Saved data entries
-- Opening Marker --
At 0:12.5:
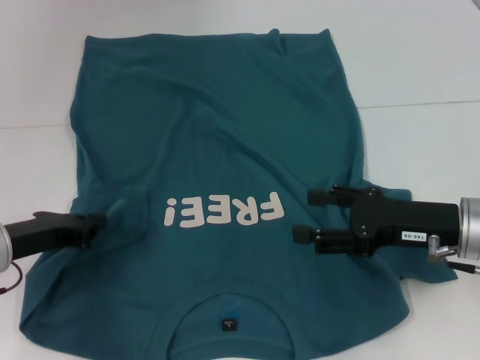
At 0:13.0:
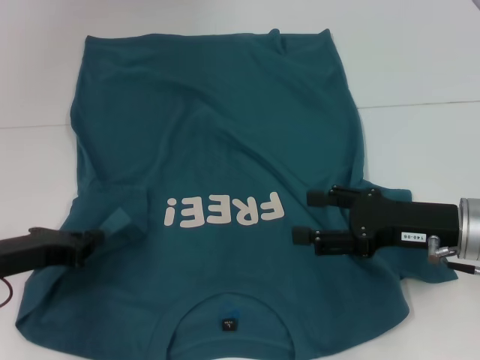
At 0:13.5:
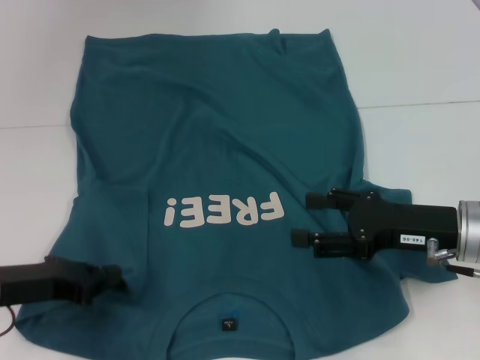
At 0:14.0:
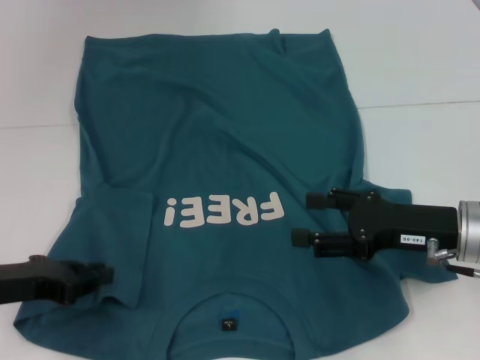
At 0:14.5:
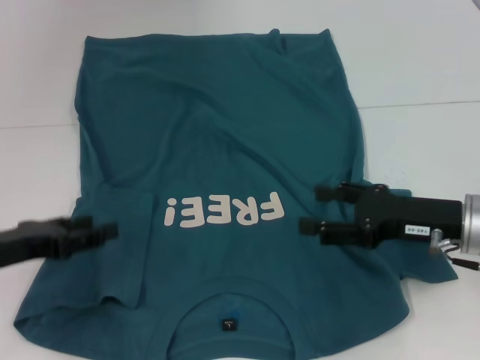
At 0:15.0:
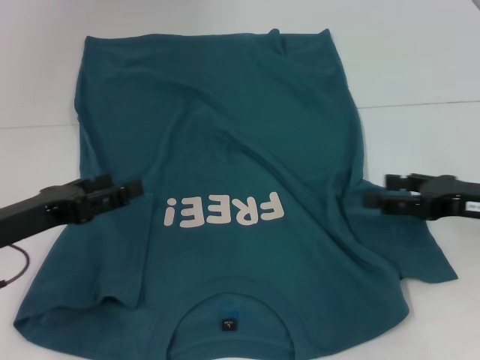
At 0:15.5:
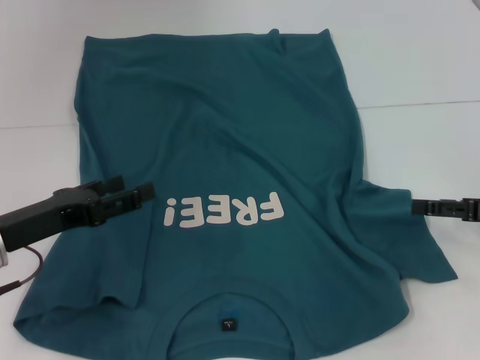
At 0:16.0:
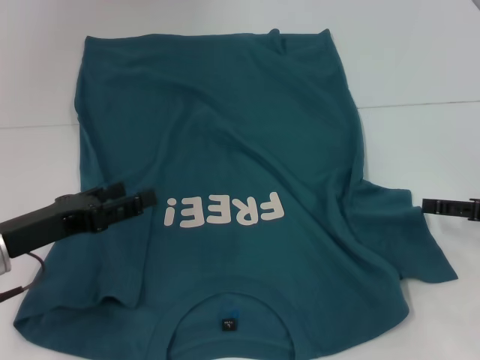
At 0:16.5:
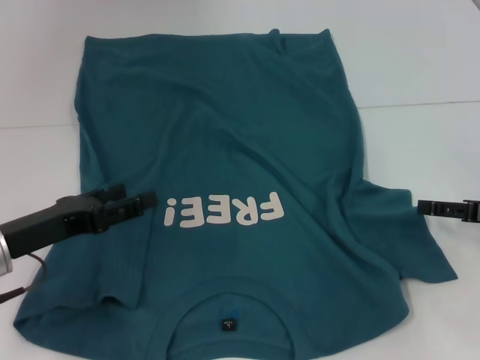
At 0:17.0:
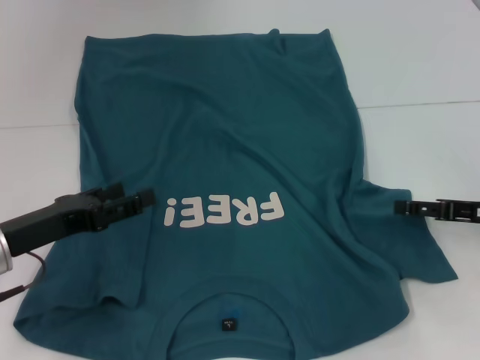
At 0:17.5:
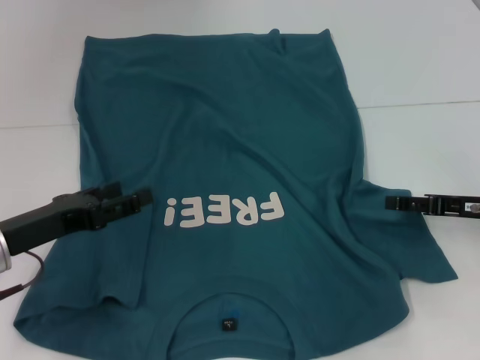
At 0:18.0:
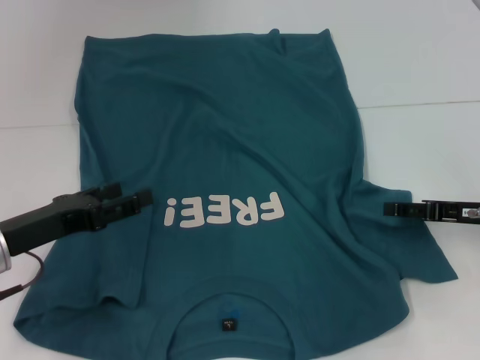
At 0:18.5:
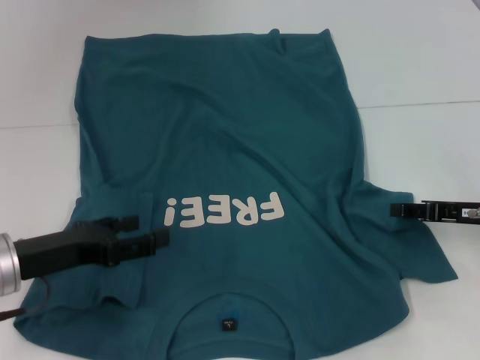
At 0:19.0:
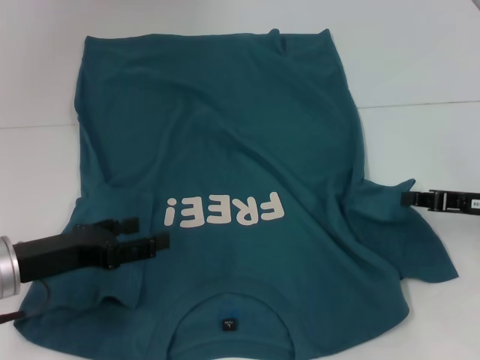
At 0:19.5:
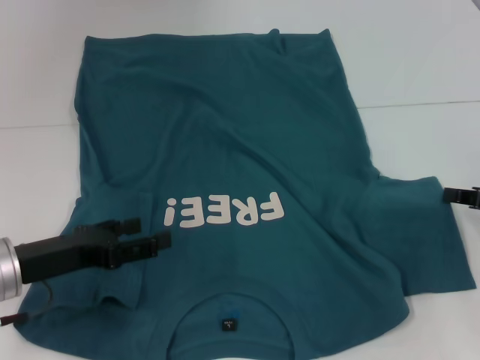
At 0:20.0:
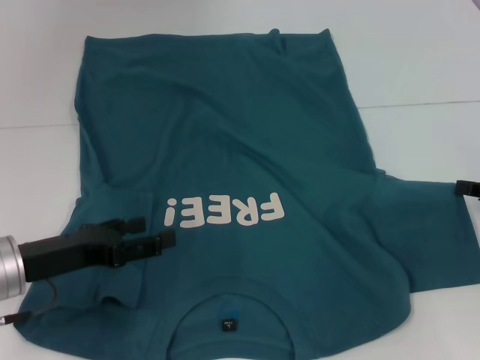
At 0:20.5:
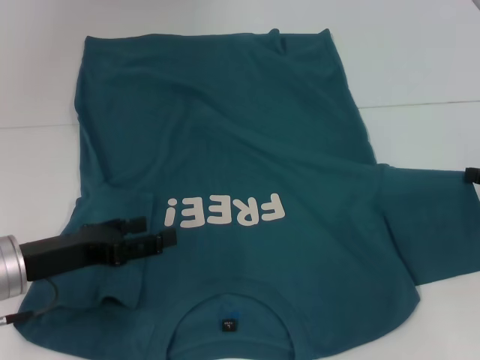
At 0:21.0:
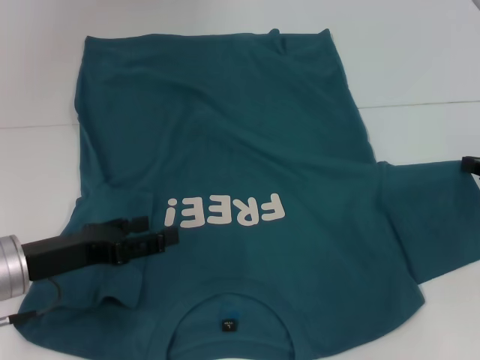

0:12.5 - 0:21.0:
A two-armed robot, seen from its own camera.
0:12.5 - 0:14.5: The left gripper opens up.
0:14.5 - 0:16.5: The right gripper heads to the right, covering roughly 10 cm. The left gripper opens its fingers.
0:16.5 - 0:19.0: The right gripper closes up.
0:19.0 - 0:21.0: The right gripper ends up about 5 cm from where it was.
-- Closing Marker --
What is being asked |
For this exercise, transcribe the entries verbatim and skip all pictures.

Solution to the exercise |
At 0:12.5:
At 0:13.0:
At 0:13.5:
At 0:14.0:
At 0:14.5:
At 0:15.0:
At 0:15.5:
At 0:16.0:
At 0:16.5:
At 0:17.0:
At 0:17.5:
At 0:18.0:
At 0:18.5:
At 0:19.0:
At 0:19.5:
At 0:20.0:
At 0:20.5:
At 0:21.0:

0:12.5 - 0:21.0:
A two-armed robot, seen from its own camera.
0:12.5 - 0:14.5: The left gripper opens up.
0:14.5 - 0:16.5: The right gripper heads to the right, covering roughly 10 cm. The left gripper opens its fingers.
0:16.5 - 0:19.0: The right gripper closes up.
0:19.0 - 0:21.0: The right gripper ends up about 5 cm from where it was.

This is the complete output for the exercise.